Stage three. A Chief of Staff arrives, usually when the founder's professional activity requires strategic support, not just administrative coverage. The PA continues, either focused on personal life or absorbed into the Chief of Staff's team.
Stage four. The office becomes a family office. The PA role professionalises. Dedicated personal, business, and household support teams replace the generalist PA.
Planning for these transitions is often overlooked at stage one. Founders who think two stages ahead usually avoid the painful replacements that happen when a first-stage hire cannot evolve into a later-stage role.
Oplu recruits founder PAs through our network of candidates who have done the role before, not through job boards or inbound applications. The candidate profile is specific, and most candidates need to have worked in a founder environment to understand what they are signing up for.
We scope with the founder directly, not with an intermediary. The scoping conversation is the most important part of the process. We ask founders what their day actually looks like, what their current pain points are, and what they wish they could stop doing. From that, the right candidate profile becomes clear.
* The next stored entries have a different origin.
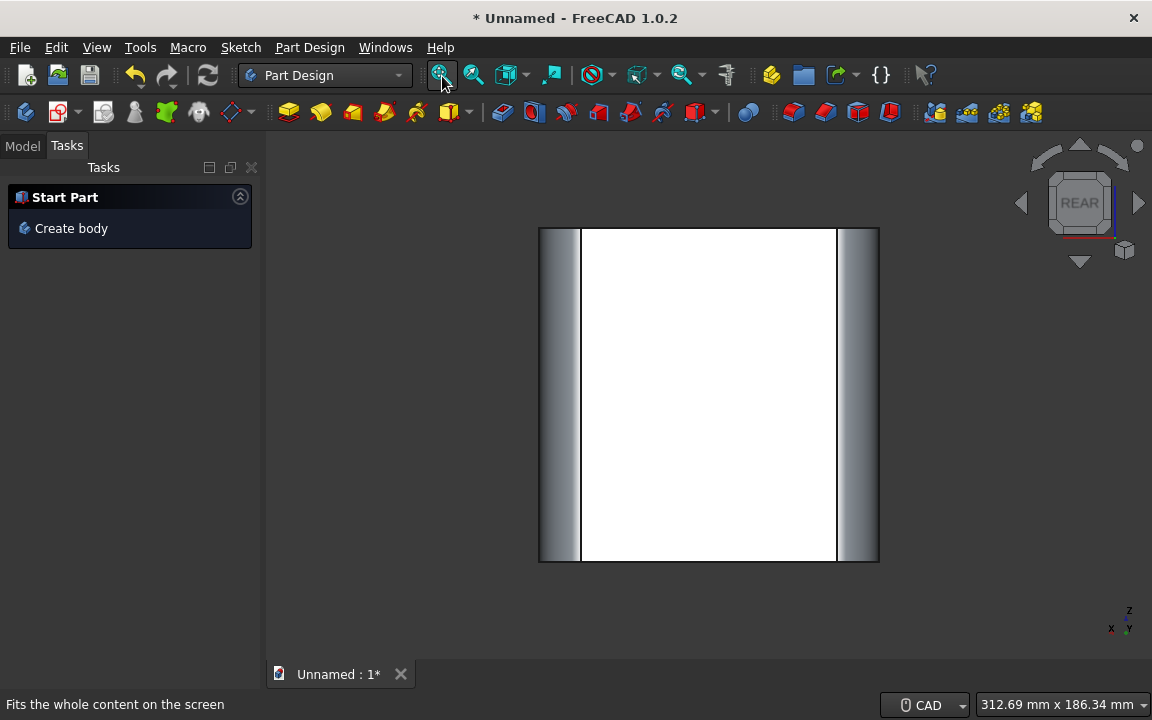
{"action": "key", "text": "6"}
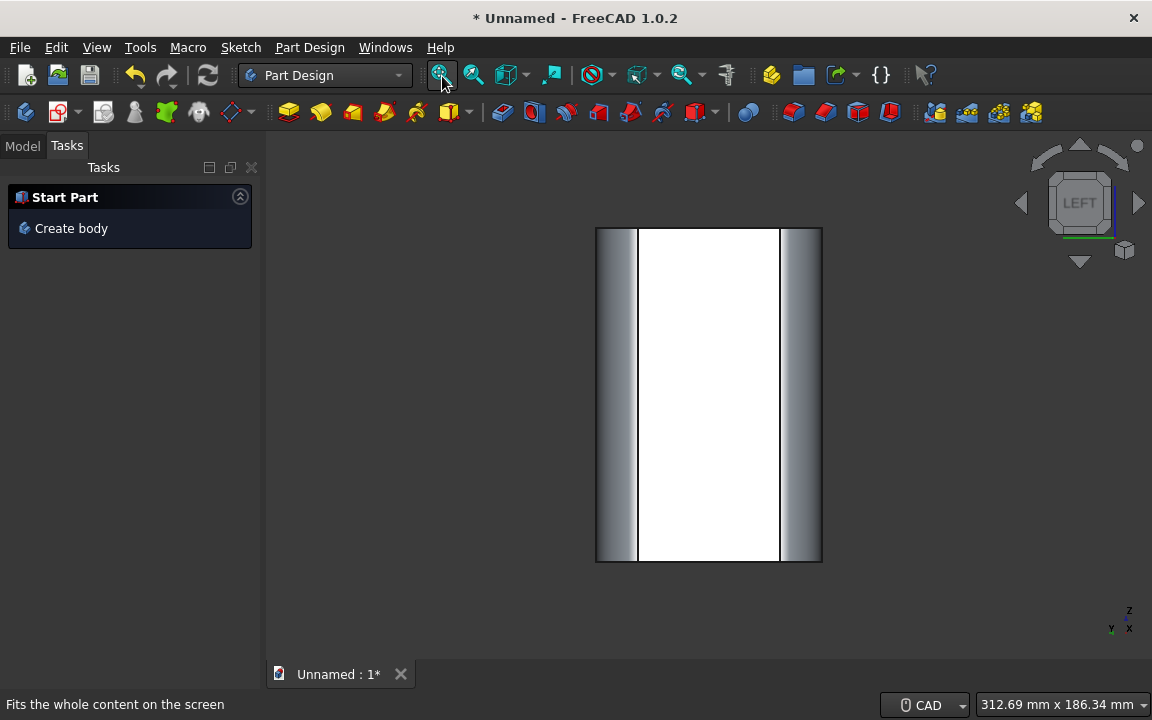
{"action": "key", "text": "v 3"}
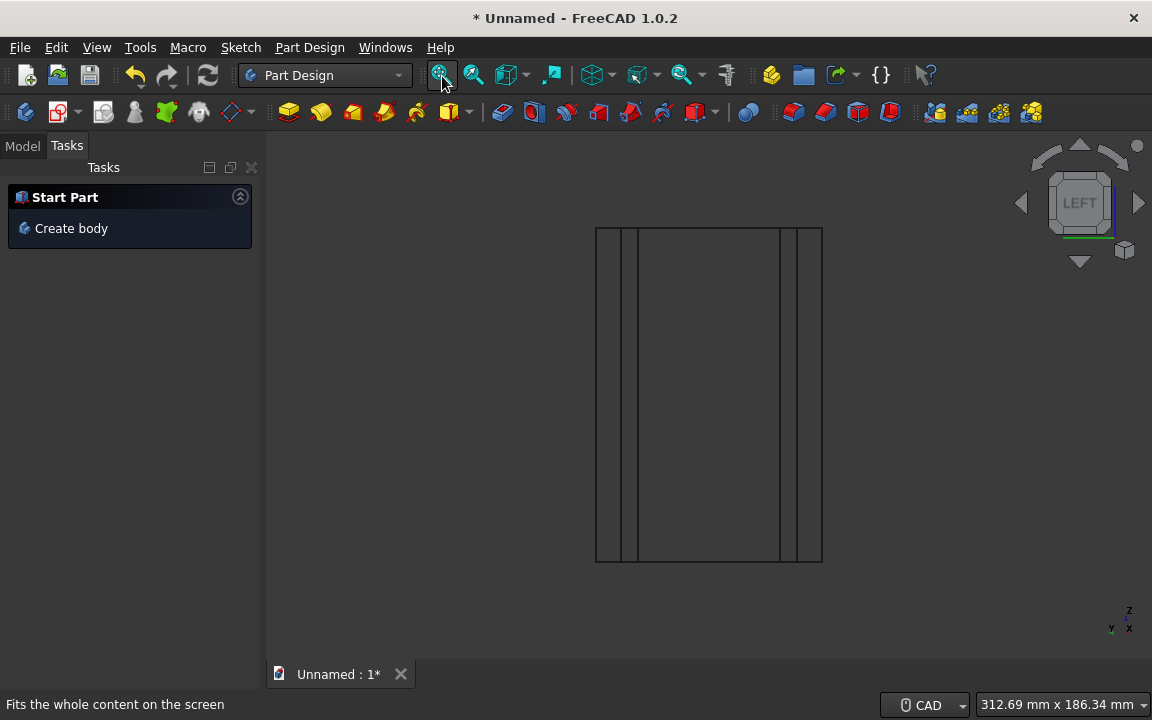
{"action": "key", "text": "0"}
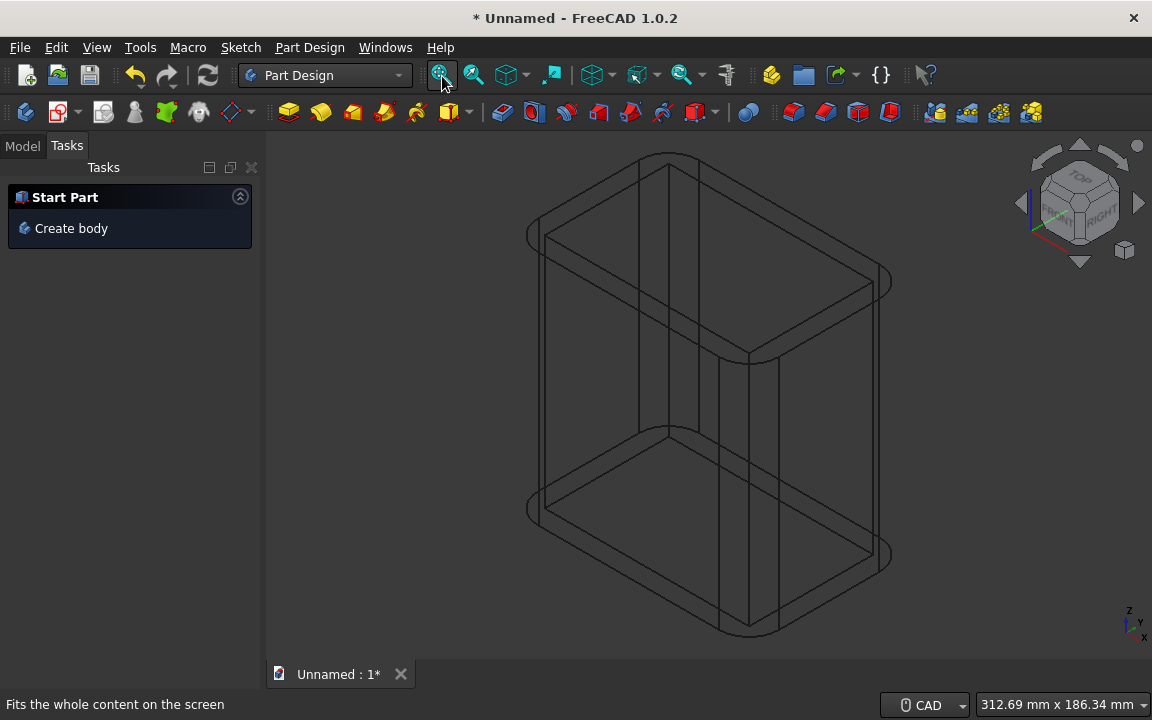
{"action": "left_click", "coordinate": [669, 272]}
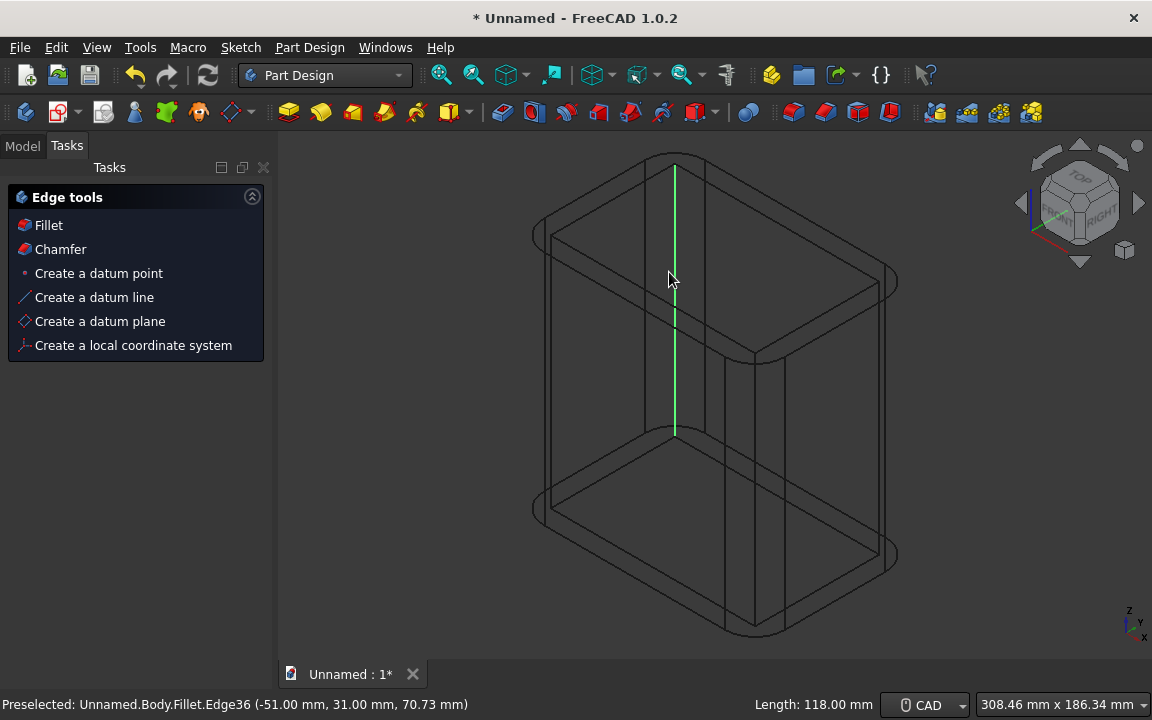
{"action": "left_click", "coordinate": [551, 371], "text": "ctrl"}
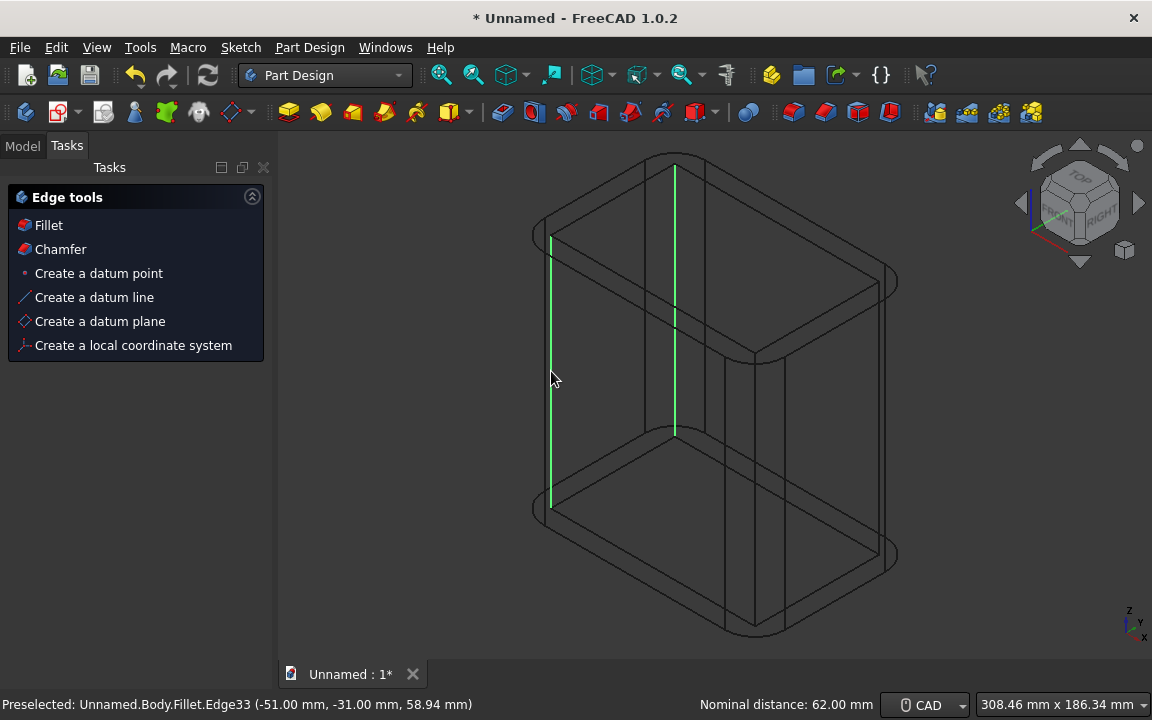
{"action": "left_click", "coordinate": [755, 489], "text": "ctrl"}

We present a small shortlist of candidates who have operated in comparable environments, and we match chemistry deliberately rather than leaving it to chance.
For current opportunities, see our job board. To discuss a search, get in touch.
A founder PA supports a founder's full life: personal diary, travel, correspondence, household coordination, and professional logistics. The role often bleeds into light Chief of Staff work, including adviser coordination and external representation. The job description rarely captures the actual scope.